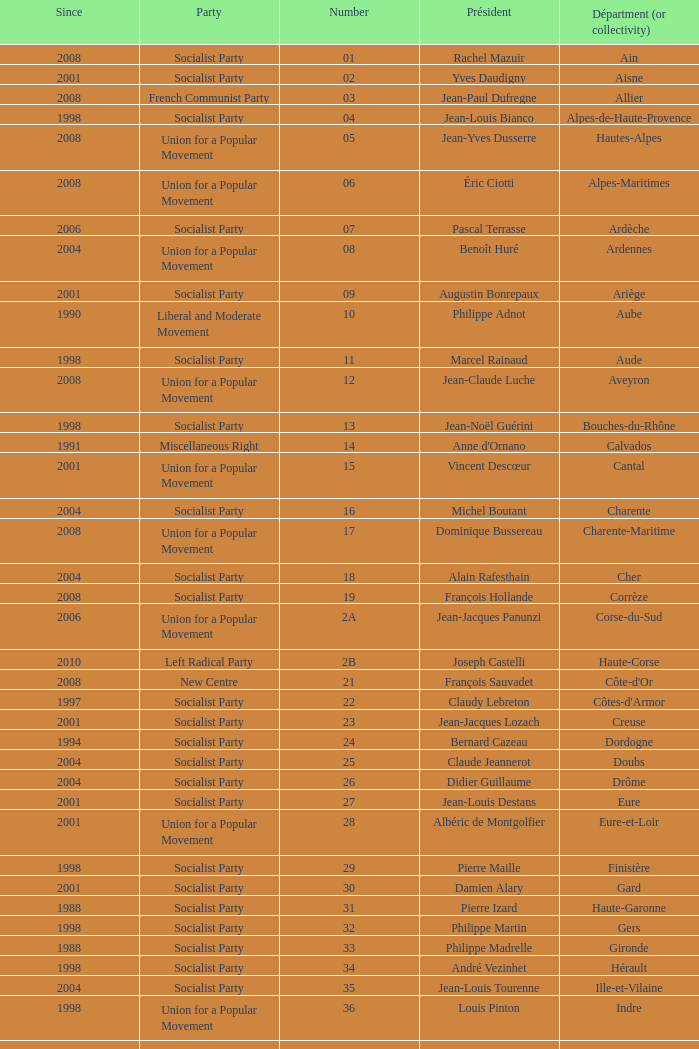Who is the president from the Union for a Popular Movement party that represents the Hautes-Alpes department? Jean-Yves Dusserre. 
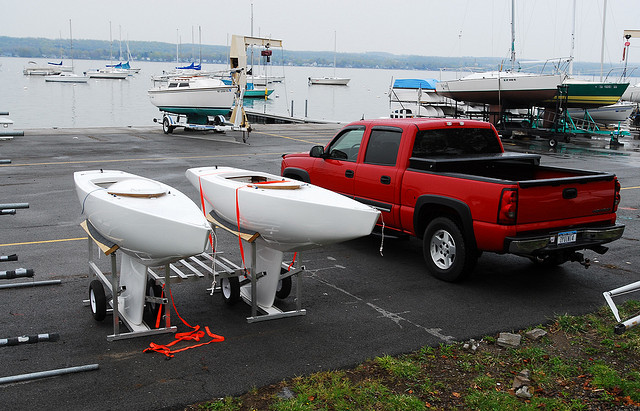<image>What kind of event is this? The event is ambiguous. It could be a regatta, boating event or a boat show. What kind of event is this? I am not sure what kind of event this is. It can be either a regatta or a boating event. 
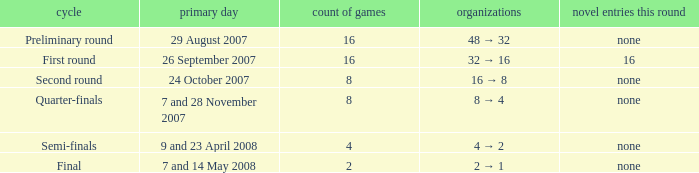Can you parse all the data within this table? {'header': ['cycle', 'primary day', 'count of games', 'organizations', 'novel entries this round'], 'rows': [['Preliminary round', '29 August 2007', '16', '48 → 32', 'none'], ['First round', '26 September 2007', '16', '32 → 16', '16'], ['Second round', '24 October 2007', '8', '16 → 8', 'none'], ['Quarter-finals', '7 and 28 November 2007', '8', '8 → 4', 'none'], ['Semi-finals', '9 and 23 April 2008', '4', '4 → 2', 'none'], ['Final', '7 and 14 May 2008', '2', '2 → 1', 'none']]} What is the Round when the number of fixtures is more than 2, and the Main date of 7 and 28 november 2007? Quarter-finals. 
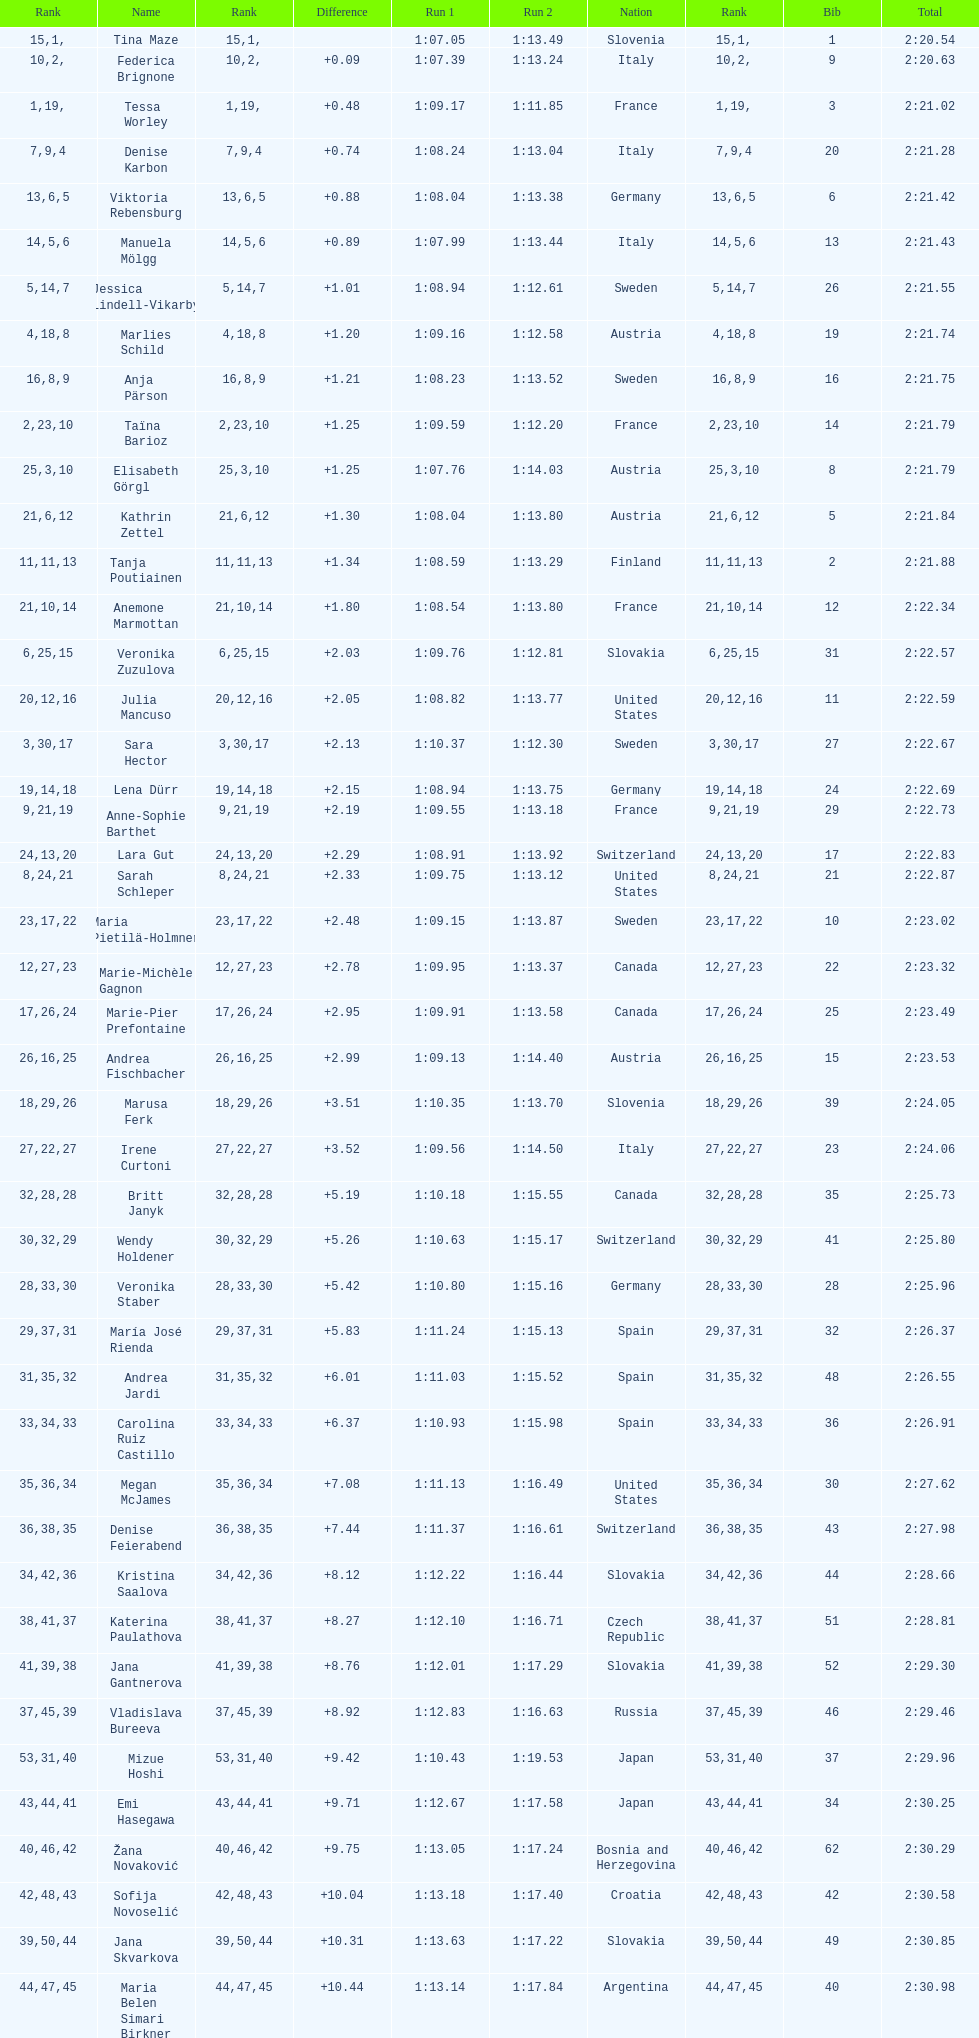Who was the last competitor to actually finish both runs? Martina Dubovska. 
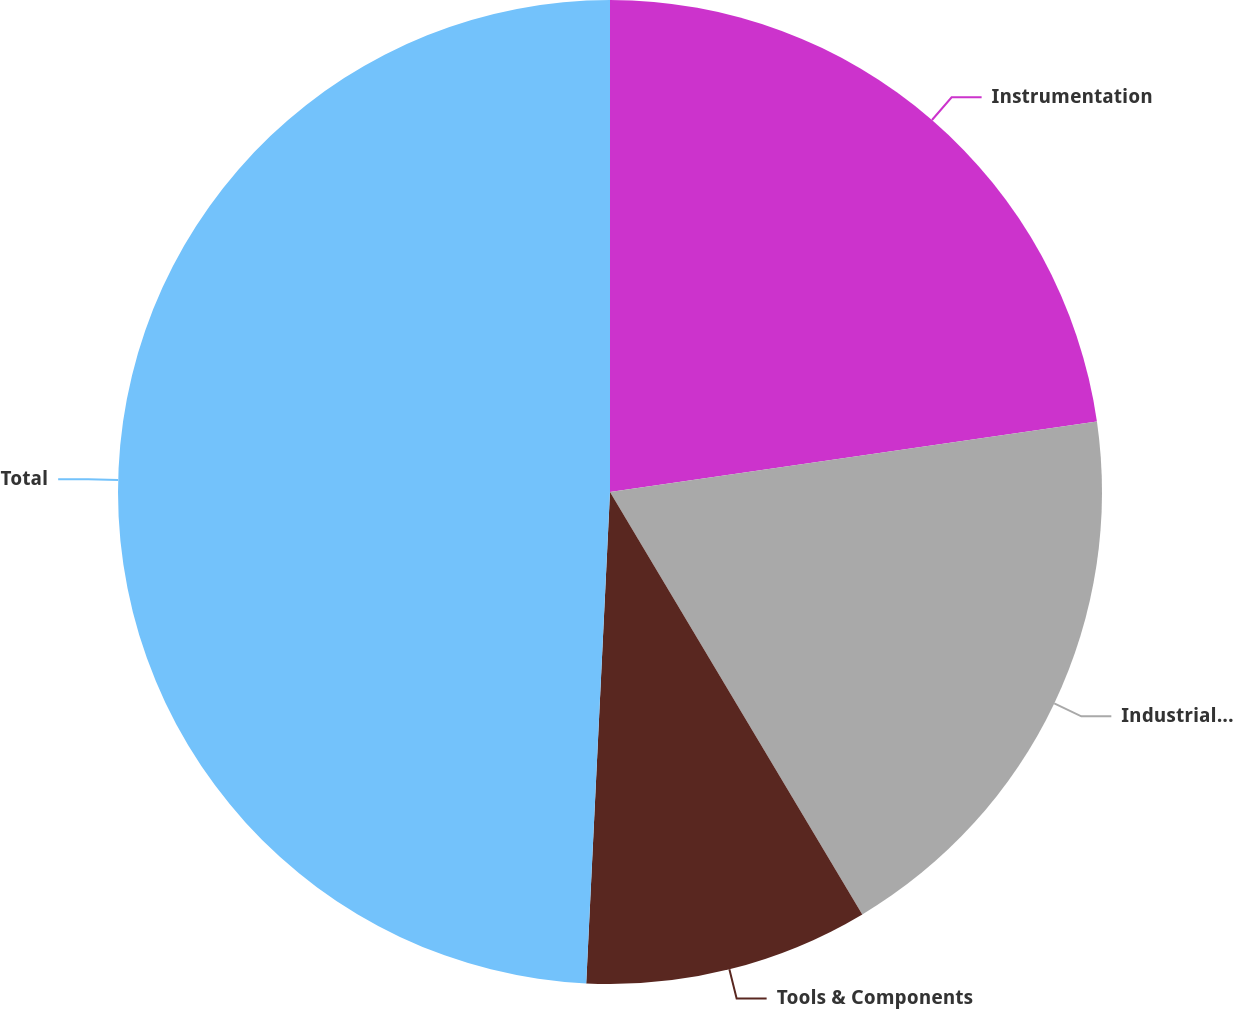<chart> <loc_0><loc_0><loc_500><loc_500><pie_chart><fcel>Instrumentation<fcel>Industrial Technologies<fcel>Tools & Components<fcel>Total<nl><fcel>22.71%<fcel>18.72%<fcel>9.34%<fcel>49.23%<nl></chart>

================================

» AIM OF THE TASK
Reproduce exactly and only the lines from the line that contains "Who was the" to the end of the data above, both ends included. No pictures go in the copy.

» TASK RESULT
Who was the last competitor to actually finish both runs? Martina Dubovska. 
<chart> <loc_0><loc_0><loc_500><loc_500><pie_chart><fcel>Instrumentation<fcel>Industrial Technologies<fcel>Tools & Components<fcel>Total<nl><fcel>22.71%<fcel>18.72%<fcel>9.34%<fcel>49.23%<nl></chart>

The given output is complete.